Hardy, not so certain of that, especially if Zachary didn’t make it, turned to face away from his wife. Stealing a glance at his watch, he did some quick math: If the accident had taken place at five-thirty, it had now been five and a half hours. After they’d gotten his own son Michael to the hospital, he had survived for six.

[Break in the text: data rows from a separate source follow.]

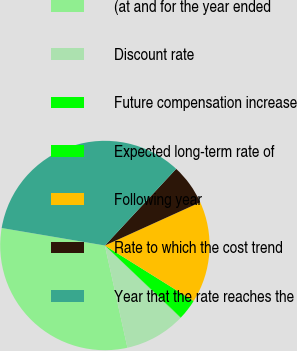Convert chart. <chart><loc_0><loc_0><loc_500><loc_500><pie_chart><fcel>(at and for the year ended<fcel>Discount rate<fcel>Future compensation increase<fcel>Expected long-term rate of<fcel>Following year<fcel>Rate to which the cost trend<fcel>Year that the rate reaches the<nl><fcel>31.13%<fcel>9.42%<fcel>0.06%<fcel>3.18%<fcel>15.66%<fcel>6.3%<fcel>34.25%<nl></chart> 
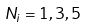<formula> <loc_0><loc_0><loc_500><loc_500>N _ { i } = 1 , 3 , 5</formula> 
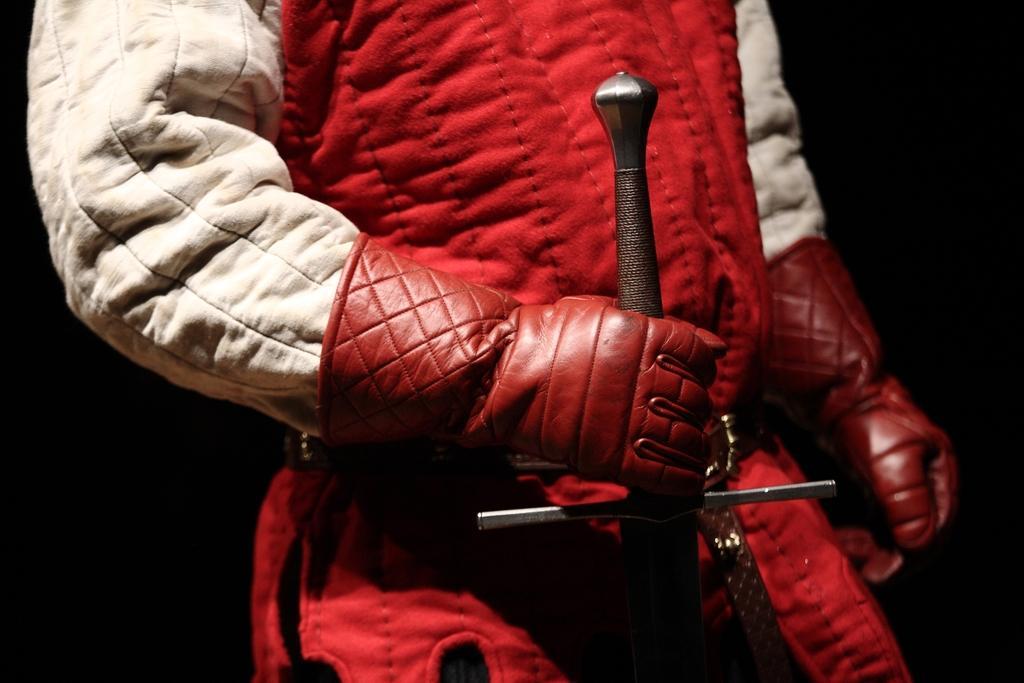Describe this image in one or two sentences. In this image, we can see a person wearing gloves and holding an object and the background is dark. 
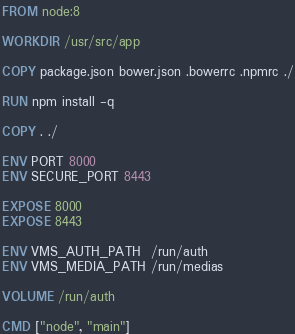Convert code to text. <code><loc_0><loc_0><loc_500><loc_500><_Dockerfile_>FROM node:8

WORKDIR /usr/src/app

COPY package.json bower.json .bowerrc .npmrc ./

RUN npm install -q

COPY . ./

ENV PORT 8000
ENV SECURE_PORT 8443

EXPOSE 8000
EXPOSE 8443

ENV VMS_AUTH_PATH  /run/auth
ENV VMS_MEDIA_PATH /run/medias

VOLUME /run/auth

CMD ["node", "main"]
</code> 
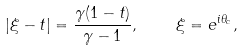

The women’s words continued to tumble through the phone at his ear, but he didn’t hear any of them over his own imaginings-or was it only his pulse, sounding like the tick of a clock counting down the seconds?
2
Bay Beans West enjoyed a privileged location, location, location at the intersection of Haight and Ashbury streets in San Francisco.
The large, wide-windowed coffee shop had opened in the summer of 1998 and from its first days became a fixture in the neighborhood. It opened every morning at six o’clock, except Sunday, when it opened at eight, and it stayed open until ten. Between the UCSF medical school a couple of blocks east, the University of San Francisco a few blocks north, the tourists visiting the epicenter of the birth of hippiedom, and the vibrant and wildly eclectic local neighborhood, the place rarely had a slow moment, much less an empty one.
The smell of its roasting beans infused the immediate vicinity with a beckoning aroma; the management provided copies of the city’s newspapers-the Chronicle, the Free Press, and the Bay Guardian. The papers rarely disappeared before three o’clock. Even the homeless honored the custom, except for Crazy Melinda, who used to come in, scoop all the papers up, and try to leave with them-until the patrons started setting aside a copy of each paper at the counter for her to pick up whenever she wanted them.
Comfortable, colorful couches were available as well as the usual chairs and tables; the ethic of the place allowed an unlimited time at your seat once you’d claimed it, whether or not you continued to drink coffee; for the past five years or so customers could avail themselves of free wireless Internet service; and legal or not, pets were welcome. For many in the neighborhood BBW was a refuge, a meeting place, a home away from home.
At a few minutes before seven o’clock on this Saturday morning, the usual line of about twenty customers needing their morning infusions of caffeine was already growing along Haight Street at the establishment’s front door. A long-haired man named Wes Farrell, in jogging pants and a T-shirt that read “DAM-Mothers Against Dyslexia,” stood holding in one hand the hand of his live-in girlfriend, Sam Duncan, and in the other the leash of Gertrude, his boxer. They, like many others in the city that morning, were discussing the homeless problem.